Bayesian hierarchical modeling of anthelmintic resistance

Craig Wang, in collaboration with Paul Torgerson, Section of Epidemiology, VetSuisse Faculty, UZH.

The prevalence of anthelmintic resistance has increased in recent years, as a result of the extensive use of anthelmintic drugs to reduce the infection of parasitic worms in livestock. In order to detect the resistance, the number of parasite eggs in animal faeces is counted. The widely used faecal egg count reduction test (FECRT) was established in the early 1990s. We develop Bayesian hierarchical models to estimate the reduction in faecal egg counts. Our models provide lower estimation bias and provide accurate posterior credible intervals. An R package is available on CRAN, and we have also implemented an user-friendly interface in R Shiny.

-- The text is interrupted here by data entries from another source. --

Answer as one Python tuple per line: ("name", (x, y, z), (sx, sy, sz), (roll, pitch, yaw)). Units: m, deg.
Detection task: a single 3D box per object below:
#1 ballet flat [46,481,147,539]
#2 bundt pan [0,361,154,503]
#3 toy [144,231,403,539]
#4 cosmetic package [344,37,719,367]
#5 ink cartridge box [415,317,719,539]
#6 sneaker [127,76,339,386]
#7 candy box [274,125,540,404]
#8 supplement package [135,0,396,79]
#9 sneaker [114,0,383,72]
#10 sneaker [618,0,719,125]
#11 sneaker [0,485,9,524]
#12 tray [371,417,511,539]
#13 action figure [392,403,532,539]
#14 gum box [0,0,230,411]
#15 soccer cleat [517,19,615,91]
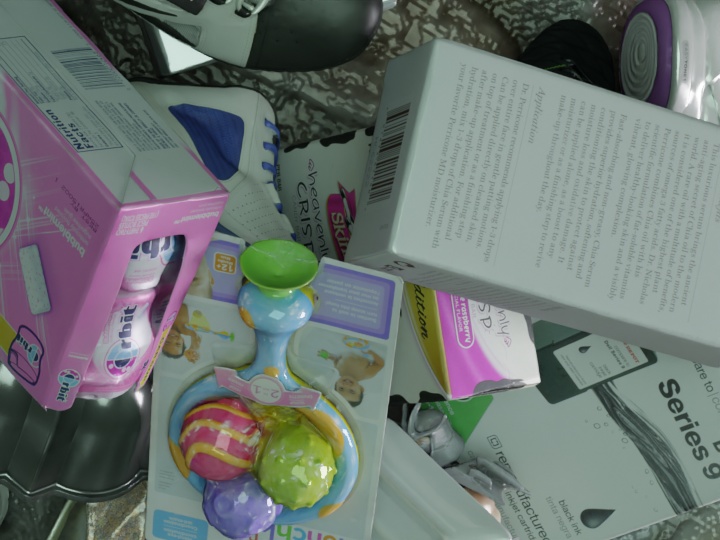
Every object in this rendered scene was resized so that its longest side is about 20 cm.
("ballet flat", (-0.147, 0.188, 1.256), (0.067, 0.068, 0.202), (10, 84, -1))
("bundt pan", (-0.151, 0.012, 1.175), (0.200, 0.076, 0.203), (14, 48, -15))
("toy", (-0.049, 0.078, 1.093), (0.114, 0.047, 0.201), (13, 125, 9))
("cosmetic package", (0.103, -0.028, 1.072), (0.199, 0.071, 0.102), (16, 81, -16))
("ink cartridge box", (0.138, 0.052, 1.219), (0.199, 0.084, 0.147), (-25, 98, 31))
("sneaker", (-0.063, -0.033, 1.147), (0.199, 0.081, 0.115), (41, 45, 9))
("candy box", (0.000, 0.000, 1.181), (0.061, 0.199, 0.138), (-8, 89, -35))
("supplement package", (-0.063, -0.168, 1.167), (0.116, 0.200, 0.118), (-18, 96, -6))
("sneaker", (-0.083, -0.141, 1.023), (0.199, 0.089, 0.075), (22, 92, -6))
("sneaker", (0.190, -0.051, 1.272), (0.099, 0.075, 0.202), (-4, 105, -27))
("sneaker", (-0.259, 0.183, 1.226), (0.074, 0.087, 0.201), (32, 91, -10))
("tray", (-0.017, 0.181, 1.179), (0.107, 0.022, 0.201), (42, 101, 35))
("action figure", (0.029, 0.159, 1.229), (0.069, 0.130, 0.202), (-14, 117, -36))
("gum box", (-0.151, -0.042, 1.065), (0.066, 0.200, 0.114), (-11, 137, -43))
("soccer cleat", (0.106, -0.067, 1.214), (0.067, 0.081, 0.201), (39, 46, -15))
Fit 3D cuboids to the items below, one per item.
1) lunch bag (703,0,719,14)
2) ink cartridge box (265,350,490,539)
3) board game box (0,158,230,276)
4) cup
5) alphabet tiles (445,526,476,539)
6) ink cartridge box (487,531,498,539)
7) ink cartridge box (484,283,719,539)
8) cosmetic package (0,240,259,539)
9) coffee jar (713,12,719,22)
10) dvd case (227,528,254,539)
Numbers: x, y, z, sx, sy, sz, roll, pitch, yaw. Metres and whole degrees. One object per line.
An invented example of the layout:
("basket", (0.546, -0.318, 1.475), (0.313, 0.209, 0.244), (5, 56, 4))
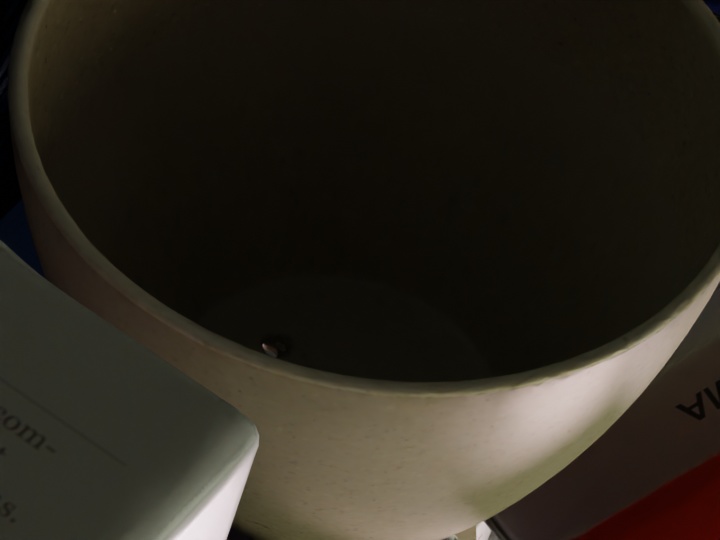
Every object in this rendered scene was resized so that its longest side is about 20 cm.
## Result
("lunch bag", (0.144, -0.174, 0.952), (0.170, 0.200, 0.127), (-52, 156, -14))
("ink cartridge box", (-0.055, 0.139, 1.143), (0.147, 0.146, 0.200), (-49, 165, -30))
("board game box", (-0.067, -0.006, 0.960), (0.200, 0.045, 0.152), (-50, 166, -28))
("cup", (0.000, 0.000, 0.825), (0.200, 0.200, 0.143), (-47, 158, -37))
("alphabet tiles", (-0.032, 0.138, 0.998), (0.200, 0.008, 0.167), (-3, 93, -42))
("ink cartridge box", (0.055, 0.053, 1.138), (0.083, 0.200, 0.145), (-49, -174, -31))
("ink cartridge box", (0.122, 0.026, 0.869), (0.200, 0.044, 0.174), (-32, -153, 11))
("cosmetic package", (-0.153, 0.090, 0.582), (0.200, 0.167, 0.166), (-45, 163, -39))
("coffee jar", (0.083, -0.066, 1.024), (0.104, 0.200, 0.085), (-43, 145, -44))
("dvd case", (-0.070, 0.092, 0.830), (0.200, 0.149, 0.016), (-3, 108, -50))
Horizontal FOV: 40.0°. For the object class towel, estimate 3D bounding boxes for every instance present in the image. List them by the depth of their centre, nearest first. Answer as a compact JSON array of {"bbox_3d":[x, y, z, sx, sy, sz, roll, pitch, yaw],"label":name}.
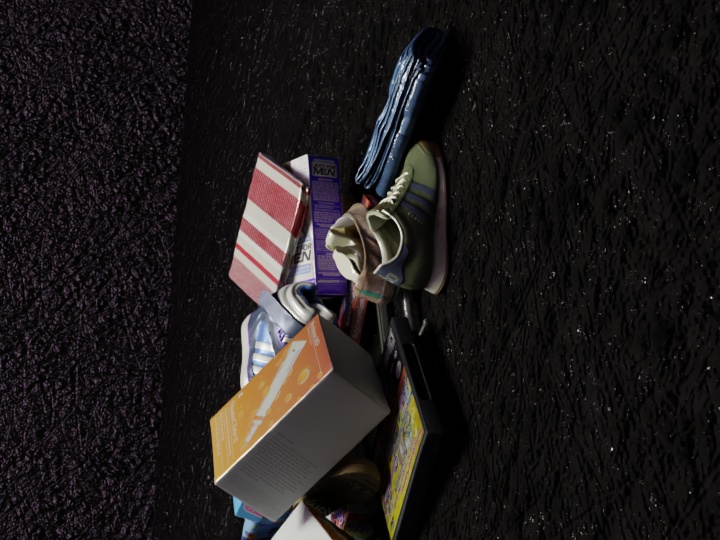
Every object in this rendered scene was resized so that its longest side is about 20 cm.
[{"bbox_3d":[0.051,-0.199,1.233,0.112,0.048,0.201,-62,-7,-54],"label":"towel"},{"bbox_3d":[-0.134,-0.054,1.441,0.144,0.023,0.202,37,118,47],"label":"towel"}]

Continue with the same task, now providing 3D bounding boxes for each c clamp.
[{"bbox_3d":[0.052,0.032,1.247,0.171,0.027,0.201,111,156,-50],"label":"c clamp"}]

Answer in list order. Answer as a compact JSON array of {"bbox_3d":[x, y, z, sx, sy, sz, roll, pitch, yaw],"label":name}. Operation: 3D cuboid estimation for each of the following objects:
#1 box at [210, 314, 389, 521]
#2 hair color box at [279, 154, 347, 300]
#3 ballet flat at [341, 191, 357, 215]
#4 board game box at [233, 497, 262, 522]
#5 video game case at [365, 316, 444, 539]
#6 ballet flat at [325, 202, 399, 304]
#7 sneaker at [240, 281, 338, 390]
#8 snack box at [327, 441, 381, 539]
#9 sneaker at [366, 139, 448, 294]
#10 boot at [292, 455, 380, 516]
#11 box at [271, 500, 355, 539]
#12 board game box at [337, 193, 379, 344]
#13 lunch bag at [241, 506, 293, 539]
[{"bbox_3d":[-0.076,0.174,1.178,0.200,0.097,0.125,-45,27,12],"label":"box"},{"bbox_3d":[-0.079,-0.057,1.439,0.109,0.064,0.202,-13,77,50],"label":"hair color box"},{"bbox_3d":[-0.050,-0.025,1.502,0.069,0.063,0.201,37,116,36],"label":"ballet flat"},{"bbox_3d":[-0.133,0.245,1.465,0.201,0.040,0.153,-64,19,15],"label":"board game box"},{"bbox_3d":[0.047,0.189,1.160,0.181,0.025,0.201,-106,21,-49],"label":"video game case"},{"bbox_3d":[-0.007,-0.030,1.273,0.200,0.067,0.069,-116,36,-54],"label":"ballet flat"},{"bbox_3d":[-0.088,0.111,1.328,0.146,0.080,0.201,-34,52,32],"label":"sneaker"},{"bbox_3d":[-0.034,0.301,1.353,0.201,0.052,0.143,-107,30,-51],"label":"snack box"},{"bbox_3d":[0.051,-0.072,1.174,0.067,0.089,0.202,130,143,-59],"label":"sneaker"},{"bbox_3d":[-0.026,0.197,1.259,0.175,0.066,0.201,-35,36,46],"label":"boot"},{"bbox_3d":[-0.026,0.372,1.144,0.098,0.124,0.200,-51,22,-6],"label":"box"},{"bbox_3d":[0.000,0.000,1.390,0.103,0.019,0.202,-123,43,-73],"label":"board game box"},{"bbox_3d":[-0.123,0.314,1.573,0.151,0.093,0.201,120,157,-50],"label":"lunch bag"}]
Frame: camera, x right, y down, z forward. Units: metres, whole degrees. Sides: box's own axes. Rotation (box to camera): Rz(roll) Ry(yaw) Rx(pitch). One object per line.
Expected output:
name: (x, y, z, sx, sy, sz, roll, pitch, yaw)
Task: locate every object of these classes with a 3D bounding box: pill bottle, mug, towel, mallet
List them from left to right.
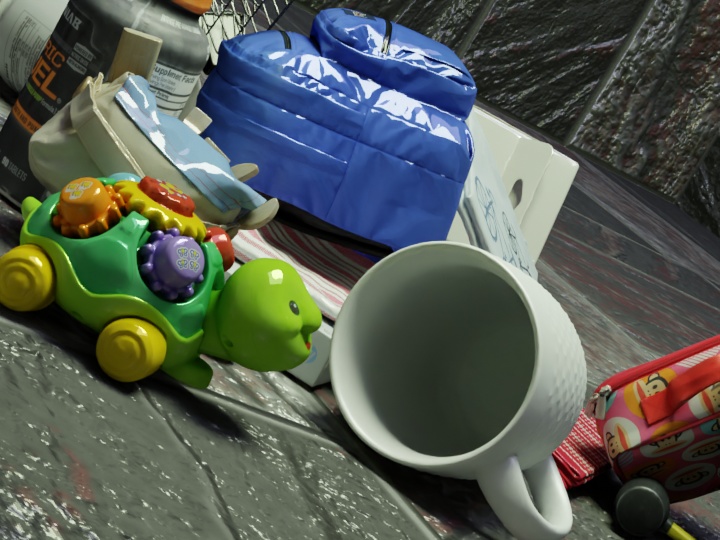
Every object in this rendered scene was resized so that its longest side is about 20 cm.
pill bottle: (-0.233, -0.176, 1.802, 0.200, 0.114, 0.113, 39, 13, 35)
pill bottle: (-0.174, -0.132, 1.511, 0.106, 0.201, 0.106, 29, 13, -7)
towel: (-0.020, -0.001, 1.599, 0.146, 0.030, 0.200, 32, 10, 12)
mug: (0.088, 0.091, 1.452, 0.175, 0.147, 0.201, 25, 40, -66)
towel: (0.138, 0.111, 1.706, 0.145, 0.023, 0.200, 45, 13, 13)
mallet: (0.273, 0.222, 1.619, 0.200, 0.041, 0.066, 36, 8, 0)

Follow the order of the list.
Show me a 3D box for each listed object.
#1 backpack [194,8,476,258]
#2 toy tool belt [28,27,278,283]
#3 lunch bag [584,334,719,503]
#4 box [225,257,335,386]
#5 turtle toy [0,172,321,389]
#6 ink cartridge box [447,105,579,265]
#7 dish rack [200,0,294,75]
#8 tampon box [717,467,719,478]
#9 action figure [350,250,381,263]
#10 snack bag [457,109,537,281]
backpack: (-0.024, -0.112, 1.620, 0.199, 0.169, 0.163, 17, 5, -10)
toy tool belt: (-0.115, -0.055, 1.429, 0.200, 0.123, 0.125, 42, -7, -7)
lunch bag: (0.278, 0.103, 1.659, 0.176, 0.199, 0.082, 49, 20, -62)
box: (-0.058, 0.021, 1.583, 0.155, 0.041, 0.200, 33, 9, 12)
turtle toy: (-0.119, 0.006, 1.307, 0.199, 0.101, 0.146, 32, 10, 6)
ink cartridge box: (0.098, -0.063, 1.986, 0.125, 0.129, 0.200, 28, -13, -13)
dish rack: (-0.125, -0.206, 1.633, 0.153, 0.200, 0.055, -4, 69, -28)
tampon box: (0.391, 0.160, 1.616, 0.127, 0.200, 0.150, 57, 5, 26)
action figure: (0.000, 0.000, 1.733, 0.199, 0.066, 0.052, 28, 27, 22)
snack bag: (0.108, -0.025, 1.727, 0.200, 0.021, 0.189, -86, 156, -61)
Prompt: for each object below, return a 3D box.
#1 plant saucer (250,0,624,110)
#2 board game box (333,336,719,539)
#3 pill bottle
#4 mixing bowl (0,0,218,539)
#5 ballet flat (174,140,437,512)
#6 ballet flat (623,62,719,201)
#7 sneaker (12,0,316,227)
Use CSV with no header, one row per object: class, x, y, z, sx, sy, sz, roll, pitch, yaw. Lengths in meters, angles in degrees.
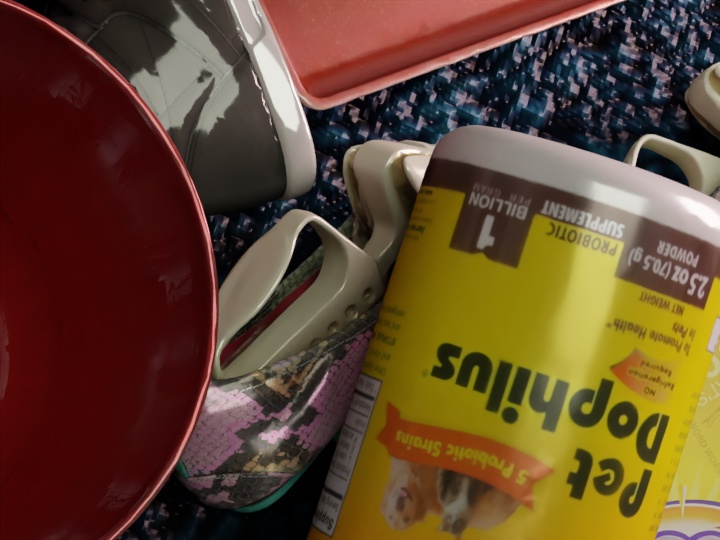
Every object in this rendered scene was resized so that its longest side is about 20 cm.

Predicting missing values in spatio-temporal satellite data

Florian Gerber, in collaboration with Rogier de Jong, Michael E. Schaepman, Gabriela Schaepman-Strub

Remotely sensed data are sparse, which means that data have missing values, for instance due to cloud cover. This is problematic for applications and signal processing algorithms that require complete data sets. To address the sparse data issue, we worked on a new gap-fill algorithm. The proposed method predicts each missing value separately based on data points in a spatio-temporal neighborhood around the missing data point. The computational workload can be distributed among several computers, making the method suitable for large datasets. The prediction of the missing values and the estimation of the corresponding prediction uncertainties are based on sorting procedures and quantile regression. The algorithm was applied to MODIS NDVI data from Alaska and tested with realistic cloud cover scenarios featuring up to 50% missing data. Validation against established software showed that the proposed method has a good performance in terms of the root mean squared prediction error. We demonstrate the software performance with a real data example and show how it can be tailored to specific data. Due to the flexible software design, users can control and redesign major parts of the procedure with little effort. This makes it an interesting tool for gap-filling satellite data and for the future development of gap-fill procedures.